Page generated: Nov 19, 2014 12:07:51 PMREST APIJenkins ver. 1.590
Now, the issue I'm facing is: Since I upgraded few of the plugins and Jenkins itself recently, some of the jobs are missing (I see this can happen during upgrades but upgrading to latest Jenkins should fix it and I'm two steps ahead of what Jenkins has on their official site, right):
I go to Manage Jenkins, Manage Plugins, Go to Available tab, check mark bunch of plugins to install (Artifactory, Maven project plugin etc ) and restart Jenkins using Jenkins GUI interface (which happens automatically once plugins are downloaded/installed in Jenkins GUI). After the restart, I do the same to see whether the plugin is now showing under "Installed" tab or not, but to my luck, it's still showing under "Available tab" and is NOT listed under "Installed" tab. If I open an existing job's configuration OR create a new job, the features available due to installed plugins are NOT visible i.e. if I installed Maven Project Plugin, I don't see an option to create a Maven style(2/3) project job while creating a new job.
I see valid .jpi files for respective plugins in plugins folder in JENKINS_HOME and there are some .pinned files as well. I have tried this a couple of times but the plugins are not visible once installed. Installation doesn't give any error during the whole operation.
Jenkins system log file (upon Jenkins restart) is attached (NOTE: Use slow download button to see/download this log file).
Download at SpeedyShare
or
[code]http://speedy.sh/x6vd8/Jenkins.System.Log[/code]
Issue was with the plugins permissions and expanded folders.
If you see under the plugins folder, you'll see .jpi or .hpi files (Jenkins jpi and Hudson hpi).
If I have awesomeplugin.jpi then there will be a folder called awesomeplugin.
Using Slav's hint, I ran bunch of checks and found out of 70+ plugins that I had installed, few of them somehow got "root" and "root" as their owner and group for their .jpi files and corresponding folder.

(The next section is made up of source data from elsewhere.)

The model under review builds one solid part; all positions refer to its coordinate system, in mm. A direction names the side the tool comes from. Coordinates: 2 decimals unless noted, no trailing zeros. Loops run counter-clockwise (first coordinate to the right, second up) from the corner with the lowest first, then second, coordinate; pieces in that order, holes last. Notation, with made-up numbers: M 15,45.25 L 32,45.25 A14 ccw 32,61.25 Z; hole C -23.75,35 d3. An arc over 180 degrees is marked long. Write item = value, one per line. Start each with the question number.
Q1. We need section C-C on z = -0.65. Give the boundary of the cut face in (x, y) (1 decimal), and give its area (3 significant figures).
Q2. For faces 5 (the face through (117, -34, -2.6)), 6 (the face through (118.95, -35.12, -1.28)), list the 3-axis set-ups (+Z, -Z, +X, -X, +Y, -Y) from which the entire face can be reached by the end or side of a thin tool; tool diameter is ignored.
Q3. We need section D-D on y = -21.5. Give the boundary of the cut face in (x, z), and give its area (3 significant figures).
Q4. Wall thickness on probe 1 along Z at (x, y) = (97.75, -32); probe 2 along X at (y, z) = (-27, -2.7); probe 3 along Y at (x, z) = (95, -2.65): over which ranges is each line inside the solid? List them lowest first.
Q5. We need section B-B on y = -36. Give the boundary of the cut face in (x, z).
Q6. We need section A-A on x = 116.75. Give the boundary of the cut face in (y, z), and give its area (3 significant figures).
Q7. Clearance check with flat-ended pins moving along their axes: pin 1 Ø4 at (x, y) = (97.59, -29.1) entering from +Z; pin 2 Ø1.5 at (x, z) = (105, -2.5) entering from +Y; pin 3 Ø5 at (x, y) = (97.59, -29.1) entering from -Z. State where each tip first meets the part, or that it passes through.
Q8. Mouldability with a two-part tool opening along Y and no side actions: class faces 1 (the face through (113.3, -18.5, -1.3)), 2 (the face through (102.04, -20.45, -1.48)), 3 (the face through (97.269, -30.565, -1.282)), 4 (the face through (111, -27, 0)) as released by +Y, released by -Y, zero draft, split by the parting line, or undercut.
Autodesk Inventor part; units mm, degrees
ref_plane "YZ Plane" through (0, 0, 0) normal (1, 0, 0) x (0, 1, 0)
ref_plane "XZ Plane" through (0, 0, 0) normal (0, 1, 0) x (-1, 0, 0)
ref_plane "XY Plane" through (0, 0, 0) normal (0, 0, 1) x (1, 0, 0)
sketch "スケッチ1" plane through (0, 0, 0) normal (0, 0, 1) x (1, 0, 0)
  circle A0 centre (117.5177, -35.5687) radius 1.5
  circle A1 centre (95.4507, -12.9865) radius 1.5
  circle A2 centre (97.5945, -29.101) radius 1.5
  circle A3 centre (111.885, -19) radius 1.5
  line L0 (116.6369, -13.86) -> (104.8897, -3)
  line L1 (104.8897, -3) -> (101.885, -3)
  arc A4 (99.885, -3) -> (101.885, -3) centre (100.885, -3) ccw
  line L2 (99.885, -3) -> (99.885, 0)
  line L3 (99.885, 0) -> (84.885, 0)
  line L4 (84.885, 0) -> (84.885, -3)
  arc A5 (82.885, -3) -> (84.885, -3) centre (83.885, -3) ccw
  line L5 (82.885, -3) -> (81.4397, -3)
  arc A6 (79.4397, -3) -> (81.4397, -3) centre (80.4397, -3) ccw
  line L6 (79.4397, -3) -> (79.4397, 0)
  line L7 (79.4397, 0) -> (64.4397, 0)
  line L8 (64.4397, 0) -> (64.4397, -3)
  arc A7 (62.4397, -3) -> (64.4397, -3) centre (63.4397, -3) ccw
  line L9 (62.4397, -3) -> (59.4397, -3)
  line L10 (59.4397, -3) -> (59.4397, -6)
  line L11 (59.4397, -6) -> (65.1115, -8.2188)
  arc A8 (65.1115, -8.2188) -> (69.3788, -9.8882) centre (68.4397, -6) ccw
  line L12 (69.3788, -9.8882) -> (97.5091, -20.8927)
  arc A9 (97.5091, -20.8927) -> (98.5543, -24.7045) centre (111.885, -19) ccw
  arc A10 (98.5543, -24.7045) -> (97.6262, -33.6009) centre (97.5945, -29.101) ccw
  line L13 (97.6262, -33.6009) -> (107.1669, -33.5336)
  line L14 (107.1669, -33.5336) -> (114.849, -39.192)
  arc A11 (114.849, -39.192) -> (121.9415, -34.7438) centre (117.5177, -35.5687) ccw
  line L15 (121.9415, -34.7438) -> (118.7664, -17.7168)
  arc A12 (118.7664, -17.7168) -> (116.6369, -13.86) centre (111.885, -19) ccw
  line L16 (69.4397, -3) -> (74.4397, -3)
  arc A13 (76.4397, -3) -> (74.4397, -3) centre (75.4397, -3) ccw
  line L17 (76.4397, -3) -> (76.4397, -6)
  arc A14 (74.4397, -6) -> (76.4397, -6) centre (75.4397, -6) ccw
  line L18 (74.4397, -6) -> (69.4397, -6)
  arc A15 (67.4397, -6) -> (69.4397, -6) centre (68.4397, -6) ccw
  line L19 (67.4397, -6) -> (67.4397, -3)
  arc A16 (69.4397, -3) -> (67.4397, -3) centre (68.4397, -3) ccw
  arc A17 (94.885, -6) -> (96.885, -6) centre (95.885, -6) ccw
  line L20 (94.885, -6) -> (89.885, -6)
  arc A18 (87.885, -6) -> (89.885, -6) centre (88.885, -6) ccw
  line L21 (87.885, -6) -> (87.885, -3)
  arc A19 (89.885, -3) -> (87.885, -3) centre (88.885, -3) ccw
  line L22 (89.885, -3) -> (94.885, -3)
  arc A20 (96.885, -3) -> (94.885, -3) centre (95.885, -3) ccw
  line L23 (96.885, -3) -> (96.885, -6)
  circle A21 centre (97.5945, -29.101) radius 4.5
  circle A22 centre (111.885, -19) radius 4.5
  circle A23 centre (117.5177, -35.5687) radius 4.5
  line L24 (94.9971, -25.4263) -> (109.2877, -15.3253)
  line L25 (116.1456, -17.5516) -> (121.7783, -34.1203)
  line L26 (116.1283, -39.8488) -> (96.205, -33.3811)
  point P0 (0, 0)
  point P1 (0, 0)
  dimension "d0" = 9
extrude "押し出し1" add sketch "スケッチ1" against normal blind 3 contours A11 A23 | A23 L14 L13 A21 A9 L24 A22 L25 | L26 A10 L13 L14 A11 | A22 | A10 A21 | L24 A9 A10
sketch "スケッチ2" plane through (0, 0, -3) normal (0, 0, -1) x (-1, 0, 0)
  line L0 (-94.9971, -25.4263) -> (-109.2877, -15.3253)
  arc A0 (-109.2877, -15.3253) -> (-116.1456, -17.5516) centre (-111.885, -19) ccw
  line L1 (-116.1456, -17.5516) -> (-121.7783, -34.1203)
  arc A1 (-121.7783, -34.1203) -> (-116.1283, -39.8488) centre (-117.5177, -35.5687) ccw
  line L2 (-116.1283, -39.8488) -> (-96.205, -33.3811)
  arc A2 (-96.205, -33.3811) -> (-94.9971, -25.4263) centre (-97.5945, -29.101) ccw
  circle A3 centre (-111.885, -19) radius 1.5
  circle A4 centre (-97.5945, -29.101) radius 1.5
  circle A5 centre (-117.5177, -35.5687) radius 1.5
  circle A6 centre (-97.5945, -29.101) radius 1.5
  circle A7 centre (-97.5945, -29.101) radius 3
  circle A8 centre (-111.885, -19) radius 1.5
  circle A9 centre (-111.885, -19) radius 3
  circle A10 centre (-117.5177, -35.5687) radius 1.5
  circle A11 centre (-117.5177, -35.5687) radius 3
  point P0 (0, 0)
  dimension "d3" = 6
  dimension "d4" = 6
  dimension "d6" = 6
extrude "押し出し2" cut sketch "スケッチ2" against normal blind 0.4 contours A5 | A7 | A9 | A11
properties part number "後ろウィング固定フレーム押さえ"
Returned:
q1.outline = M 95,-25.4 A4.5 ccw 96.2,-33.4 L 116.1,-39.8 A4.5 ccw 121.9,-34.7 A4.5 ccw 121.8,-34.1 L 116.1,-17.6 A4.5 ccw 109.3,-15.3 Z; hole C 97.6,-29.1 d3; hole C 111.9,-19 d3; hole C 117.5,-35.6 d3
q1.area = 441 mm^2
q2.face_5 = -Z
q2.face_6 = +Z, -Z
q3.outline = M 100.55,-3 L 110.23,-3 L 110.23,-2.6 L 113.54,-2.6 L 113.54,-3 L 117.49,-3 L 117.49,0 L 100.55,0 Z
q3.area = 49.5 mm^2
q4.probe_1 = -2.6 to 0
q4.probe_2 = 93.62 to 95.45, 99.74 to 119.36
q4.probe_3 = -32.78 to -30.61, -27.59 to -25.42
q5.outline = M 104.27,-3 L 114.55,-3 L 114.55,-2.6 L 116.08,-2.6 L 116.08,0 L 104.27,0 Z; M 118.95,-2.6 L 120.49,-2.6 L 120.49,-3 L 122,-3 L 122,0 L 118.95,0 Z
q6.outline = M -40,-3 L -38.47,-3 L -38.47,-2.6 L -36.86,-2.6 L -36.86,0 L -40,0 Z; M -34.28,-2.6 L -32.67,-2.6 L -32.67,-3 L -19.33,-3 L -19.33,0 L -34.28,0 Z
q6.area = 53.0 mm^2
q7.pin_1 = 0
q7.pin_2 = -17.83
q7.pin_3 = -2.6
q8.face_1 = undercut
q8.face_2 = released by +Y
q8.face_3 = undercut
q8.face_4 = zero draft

Now, The best solution one can try (the safest approach) is to chown -R yourvalidjenkinsuser:yourvalidgroup * and chmod -R 755 * as root. Before doing this, stop/shutdown jenkins.

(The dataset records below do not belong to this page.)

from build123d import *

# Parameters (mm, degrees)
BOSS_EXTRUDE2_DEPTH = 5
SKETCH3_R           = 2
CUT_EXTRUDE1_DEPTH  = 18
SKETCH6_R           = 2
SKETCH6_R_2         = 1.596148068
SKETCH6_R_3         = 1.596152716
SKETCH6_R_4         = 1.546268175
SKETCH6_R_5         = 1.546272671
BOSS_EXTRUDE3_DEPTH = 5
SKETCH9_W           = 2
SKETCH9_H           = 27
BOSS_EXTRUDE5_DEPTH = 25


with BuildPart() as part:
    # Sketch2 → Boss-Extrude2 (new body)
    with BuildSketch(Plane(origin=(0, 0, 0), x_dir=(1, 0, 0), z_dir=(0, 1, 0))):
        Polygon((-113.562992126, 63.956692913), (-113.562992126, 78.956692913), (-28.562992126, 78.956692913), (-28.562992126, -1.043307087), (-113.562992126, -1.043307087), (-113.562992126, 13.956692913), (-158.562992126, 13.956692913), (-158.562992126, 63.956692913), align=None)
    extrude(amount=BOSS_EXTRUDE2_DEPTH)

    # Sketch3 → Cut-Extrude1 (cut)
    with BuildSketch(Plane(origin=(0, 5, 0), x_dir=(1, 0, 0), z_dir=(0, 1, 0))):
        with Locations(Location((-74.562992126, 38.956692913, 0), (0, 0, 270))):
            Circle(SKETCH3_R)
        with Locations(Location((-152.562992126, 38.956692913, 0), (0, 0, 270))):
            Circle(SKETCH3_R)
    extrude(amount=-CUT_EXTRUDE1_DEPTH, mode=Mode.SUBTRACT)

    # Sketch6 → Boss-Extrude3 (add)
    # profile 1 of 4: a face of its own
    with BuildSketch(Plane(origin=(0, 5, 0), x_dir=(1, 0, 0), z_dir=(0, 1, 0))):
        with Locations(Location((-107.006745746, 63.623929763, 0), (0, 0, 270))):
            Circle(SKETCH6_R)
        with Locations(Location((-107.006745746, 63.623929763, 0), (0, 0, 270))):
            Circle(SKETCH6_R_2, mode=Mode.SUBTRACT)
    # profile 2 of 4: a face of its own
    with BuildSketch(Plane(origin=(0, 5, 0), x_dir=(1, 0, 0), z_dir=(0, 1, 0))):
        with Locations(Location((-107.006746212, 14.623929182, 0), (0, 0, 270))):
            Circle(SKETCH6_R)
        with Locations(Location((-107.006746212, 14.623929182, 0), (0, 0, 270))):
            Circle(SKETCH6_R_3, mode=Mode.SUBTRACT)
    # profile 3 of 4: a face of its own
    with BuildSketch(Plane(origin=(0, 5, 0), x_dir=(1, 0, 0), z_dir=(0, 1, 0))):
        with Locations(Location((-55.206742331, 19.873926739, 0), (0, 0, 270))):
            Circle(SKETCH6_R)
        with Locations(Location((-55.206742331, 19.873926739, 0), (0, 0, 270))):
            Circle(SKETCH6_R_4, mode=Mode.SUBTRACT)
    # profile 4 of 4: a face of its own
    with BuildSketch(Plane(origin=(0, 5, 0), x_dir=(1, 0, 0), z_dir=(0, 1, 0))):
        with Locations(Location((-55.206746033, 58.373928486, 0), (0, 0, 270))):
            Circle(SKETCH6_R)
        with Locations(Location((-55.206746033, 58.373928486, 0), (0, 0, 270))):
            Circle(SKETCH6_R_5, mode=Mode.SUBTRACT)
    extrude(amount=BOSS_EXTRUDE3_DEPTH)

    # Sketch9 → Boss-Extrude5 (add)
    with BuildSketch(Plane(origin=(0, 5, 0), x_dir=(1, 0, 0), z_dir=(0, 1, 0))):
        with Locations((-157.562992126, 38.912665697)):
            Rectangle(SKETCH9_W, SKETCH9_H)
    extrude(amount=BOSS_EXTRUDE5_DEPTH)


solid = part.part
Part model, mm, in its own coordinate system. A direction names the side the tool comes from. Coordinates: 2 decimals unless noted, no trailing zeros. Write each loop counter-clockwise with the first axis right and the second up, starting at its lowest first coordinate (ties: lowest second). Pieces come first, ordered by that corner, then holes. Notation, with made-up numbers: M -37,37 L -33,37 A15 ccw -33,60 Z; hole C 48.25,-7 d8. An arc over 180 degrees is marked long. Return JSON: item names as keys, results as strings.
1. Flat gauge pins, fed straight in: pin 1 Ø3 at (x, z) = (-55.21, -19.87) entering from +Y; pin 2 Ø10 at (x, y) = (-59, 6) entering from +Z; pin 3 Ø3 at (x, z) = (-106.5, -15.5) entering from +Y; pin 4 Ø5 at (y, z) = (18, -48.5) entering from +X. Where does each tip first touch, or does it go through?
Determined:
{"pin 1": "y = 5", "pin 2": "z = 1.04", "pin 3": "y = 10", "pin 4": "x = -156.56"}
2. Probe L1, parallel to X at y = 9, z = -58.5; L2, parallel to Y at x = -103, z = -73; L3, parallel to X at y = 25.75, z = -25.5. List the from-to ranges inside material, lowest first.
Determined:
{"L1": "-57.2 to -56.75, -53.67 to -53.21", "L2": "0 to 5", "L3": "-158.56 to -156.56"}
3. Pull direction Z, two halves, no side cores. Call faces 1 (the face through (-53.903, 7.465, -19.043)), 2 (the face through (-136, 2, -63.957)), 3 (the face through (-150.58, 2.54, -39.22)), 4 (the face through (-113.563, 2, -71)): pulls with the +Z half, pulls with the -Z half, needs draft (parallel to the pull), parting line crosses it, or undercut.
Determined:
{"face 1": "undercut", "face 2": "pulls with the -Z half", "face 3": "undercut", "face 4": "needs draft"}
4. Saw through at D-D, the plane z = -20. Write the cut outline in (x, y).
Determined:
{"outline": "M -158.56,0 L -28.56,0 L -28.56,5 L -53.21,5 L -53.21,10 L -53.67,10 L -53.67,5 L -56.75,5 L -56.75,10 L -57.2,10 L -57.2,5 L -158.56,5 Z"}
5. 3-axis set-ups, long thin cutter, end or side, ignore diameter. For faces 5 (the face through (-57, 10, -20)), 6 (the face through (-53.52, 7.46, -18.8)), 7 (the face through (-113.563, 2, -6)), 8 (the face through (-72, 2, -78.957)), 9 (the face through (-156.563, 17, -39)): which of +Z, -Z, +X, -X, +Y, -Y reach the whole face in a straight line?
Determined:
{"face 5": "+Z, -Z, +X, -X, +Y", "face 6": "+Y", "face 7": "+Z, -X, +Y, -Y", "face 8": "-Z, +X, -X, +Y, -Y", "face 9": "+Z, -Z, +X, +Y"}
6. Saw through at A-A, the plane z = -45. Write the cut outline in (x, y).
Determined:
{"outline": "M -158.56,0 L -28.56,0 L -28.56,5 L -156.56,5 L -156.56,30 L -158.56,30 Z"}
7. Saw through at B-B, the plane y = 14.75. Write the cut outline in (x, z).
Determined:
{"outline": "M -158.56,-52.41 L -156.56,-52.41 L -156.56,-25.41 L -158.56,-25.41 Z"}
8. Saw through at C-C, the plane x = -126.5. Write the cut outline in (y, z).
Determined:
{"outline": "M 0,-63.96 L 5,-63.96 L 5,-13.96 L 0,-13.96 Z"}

I went even a step further, I first took backup of config files / whole jenkins JENKINS_HOME folder. Then I went to plugins folder and remove all .jpi corresponding folders using root account or as the owner of those folders (NOTE, I didn't delete the .jpi files). Then, I ran the above two commands (chown/chmod) and started Jenkins.
OUTCOME:
when I'm going to Jenkins > New item (to create a new job), Shenzi, all different types of jobs options are showing up (which included the Maven2/3 type job which I found got missing and few others like "Multi-configuration project" and Multijob Project job type.. all were missing and now they are showing up.
OK, I also checked one of the old job, went to its job's configuration and Shenzi!! I now see all the features there i.e. (Promoted Job plugin feature "Promtoe builds when.." check box. This feature which I configured sometime back, got missing but now it's showing up again.
Few of the Maven jobs that I created in past with Maven Release Plugin and Release Plugin POC work had bunch of steps in it. I found there was nothing in the Build step (after this whole mess), but after the above solution, I now see everything is back. I can see the configurations and build steps populated as they were set.
I hope this can help someone facing similar issue.
Still, I don't know why my Jenkins version is 1.590 (which Jenkins updated recently in automatic fashion) and Jenkins site today says, their latest Jenkins artifact is version 1.588 (seems like a mystery).
When you say "valid .hpi files", did you actually test that they are valid? You should be able to rename them to .zip and extract as a valid archive. An issue I face a lot is the network layer filtering system that we have in the office. It intercepts Jenkins's calls sometimes with the filtering system's login page, instead of whatever internet resource was being loaded.
If your .hpi files are not valid zip archives, open them in a text editor, and see if they are in the form of an html page/response of some kind.